** EXERCISE INPUTS follows **

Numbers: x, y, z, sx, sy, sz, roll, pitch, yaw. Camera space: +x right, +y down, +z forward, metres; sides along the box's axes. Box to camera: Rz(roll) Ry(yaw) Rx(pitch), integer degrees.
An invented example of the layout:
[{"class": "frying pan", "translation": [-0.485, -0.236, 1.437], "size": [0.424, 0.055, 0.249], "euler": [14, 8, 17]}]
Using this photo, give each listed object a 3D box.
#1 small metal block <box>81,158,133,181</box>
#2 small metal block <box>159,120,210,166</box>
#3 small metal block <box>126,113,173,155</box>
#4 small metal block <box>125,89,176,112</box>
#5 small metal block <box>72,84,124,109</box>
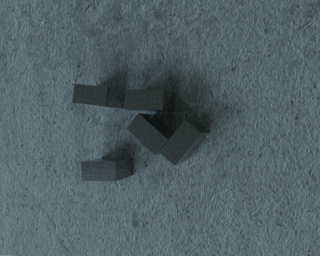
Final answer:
[{"class": "small metal block", "translation": [-0.071, 0.056, 0.421], "size": [0.050, 0.050, 0.025], "euler": [-3, 89, 20]}, {"class": "small metal block", "translation": [0.032, 0.017, 0.384], "size": [0.025, 0.050, 0.050], "euler": [41, 103, 15]}, {"class": "small metal block", "translation": [-0.007, 0.007, 0.398], "size": [0.050, 0.050, 0.025], "euler": [42, 103, 15]}, {"class": "small metal block", "translation": [-0.011, -0.035, 0.400], "size": [0.050, 0.050, 0.025], "euler": [2, 91, 20]}, {"class": "small metal block", "translation": [-0.083, -0.043, 0.425], "size": [0.050, 0.050, 0.025], "euler": [9, 93, 20]}]
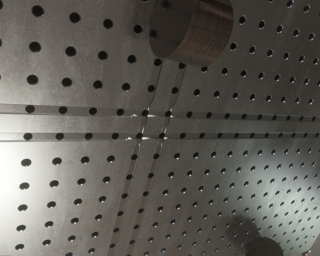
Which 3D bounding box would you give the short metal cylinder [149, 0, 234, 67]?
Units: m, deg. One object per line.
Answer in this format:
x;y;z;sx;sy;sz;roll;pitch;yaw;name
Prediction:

** End of EXERCISE INPUTS **

## PROBLEM TO WORK ON:
Restate all of the material word for word, leaving every picture out.

## ANSWER BELOW:
Numbers: x, y, z, sx, sy, sz, roll, pitch, yaw. Camera space: +x right, +y down, +z forward, metres; sides along the box's axes. Box to camera: Rz(roll) Ry(yaw) Rx(pitch), integer degrees.
An invented example of the layout:
[{"class": "frying pan", "translation": [-0.485, -0.236, 1.437], "size": [0.424, 0.055, 0.249], "euler": [14, 8, 17]}]
Using this photo, give each listed object a 3D box.
#1 small metal block <box>81,158,133,181</box>
#2 small metal block <box>159,120,210,166</box>
#3 small metal block <box>126,113,173,155</box>
#4 small metal block <box>125,89,176,112</box>
#5 small metal block <box>72,84,124,109</box>
Final answer:
[{"class": "small metal block", "translation": [-0.071, 0.056, 0.421], "size": [0.050, 0.050, 0.025], "euler": [-3, 89, 20]}, {"class": "small metal block", "translation": [0.032, 0.017, 0.384], "size": [0.025, 0.050, 0.050], "euler": [41, 103, 15]}, {"class": "small metal block", "translation": [-0.007, 0.007, 0.398], "size": [0.050, 0.050, 0.025], "euler": [42, 103, 15]}, {"class": "small metal block", "translation": [-0.011, -0.035, 0.400], "size": [0.050, 0.050, 0.025], "euler": [2, 91, 20]}, {"class": "small metal block", "translation": [-0.083, -0.043, 0.425], "size": [0.050, 0.050, 0.025], "euler": [9, 93, 20]}]
Which 3D bounding box would you give the short metal cylinder [149, 0, 234, 67]?
Units: m, deg. One object per line.
Answer in this format:
x;y;z;sx;sy;sz;roll;pitch;yaw;name
Prediction:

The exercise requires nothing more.